July 09, 2009

What I Loved



One of the books I have recently enjoyed is “What I Loved” by Siri Hustvedt. It’s a book about art, love and loss. Firstly, what I find appealing in the lives of the characters is the tone of balance and harmony with what life has to offer in general. What’s important in life is not the surprises it offers, but how we manage to react to them. And most of the times we deal with distasteful surprises.

Violet is the character I believe represents the ideal woman. Very intelligent, beautiful, a source of inspiration, admiration, respect and optimism for her man, a task even harder to deal with when that man is an artist. She's able to display profound understanding of his inner struggles; she manages to be the wise woman all men are looking for, especially men that do not live ordinary lives.

Powell's review: A powerful and heartbreaking novel that chronicles the epic story of two families, two sons, and two marriages.
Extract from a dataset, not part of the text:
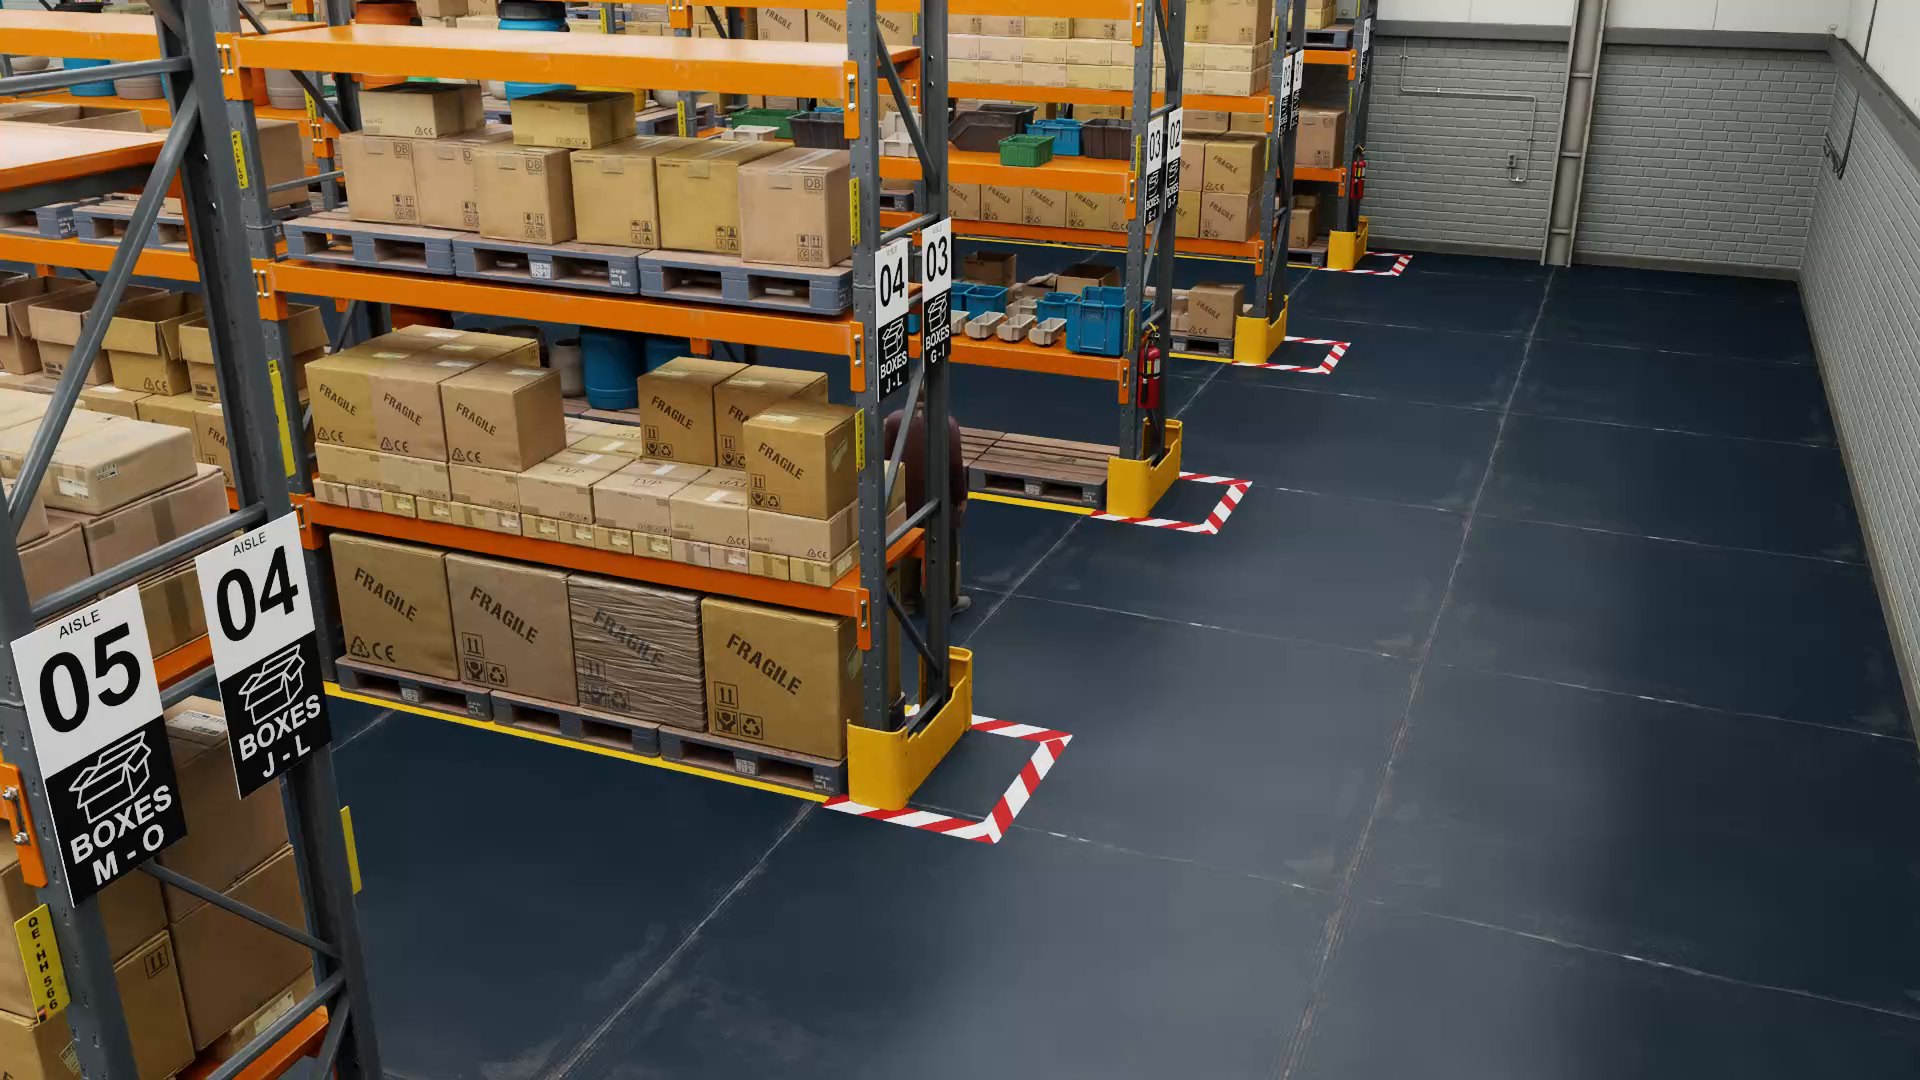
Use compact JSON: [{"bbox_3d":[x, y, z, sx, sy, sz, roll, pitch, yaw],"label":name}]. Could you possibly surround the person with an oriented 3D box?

What I Loved begins in New York in 1975, when art historian Leo Hertzberg discovers an extraordinary painting by an unknown artist in a SoHo gallery. He buys the work; tracks down the artist, Bill Wechsler; and the two men embark on a life-long friendship.

Leo's story, which spans twenty-five years, follows the evolution of the growing involvement between his family and Bill's — an intricate constellation of attachments that includes the two men; their wives, Erica and Violet; and their children, Matthew and Mark. The families live in the same building in New York, share a house in Vermont during the summer, keep up a lively exchange of thoughts and ideas, and find themselves permanently altered by one another. Over the years, they not only enjoy love but endure loss-in one case sudden, incapacitating loss; in another, a different kind, one that is hidden and slow-growing, and which insidiously erodes the fabric of their lives.

Intimate in tone and seductive in its complexity, the novel moves seamlessly from inner worlds to outer worlds, from the deeply private to the public, from physical infirmity to cultural illness. Part family novel, part psychological thriller, What I Loved is a beautifully written exploration of love, loss, and betrayal — and of a man's attempt to make sense of the world and go on living.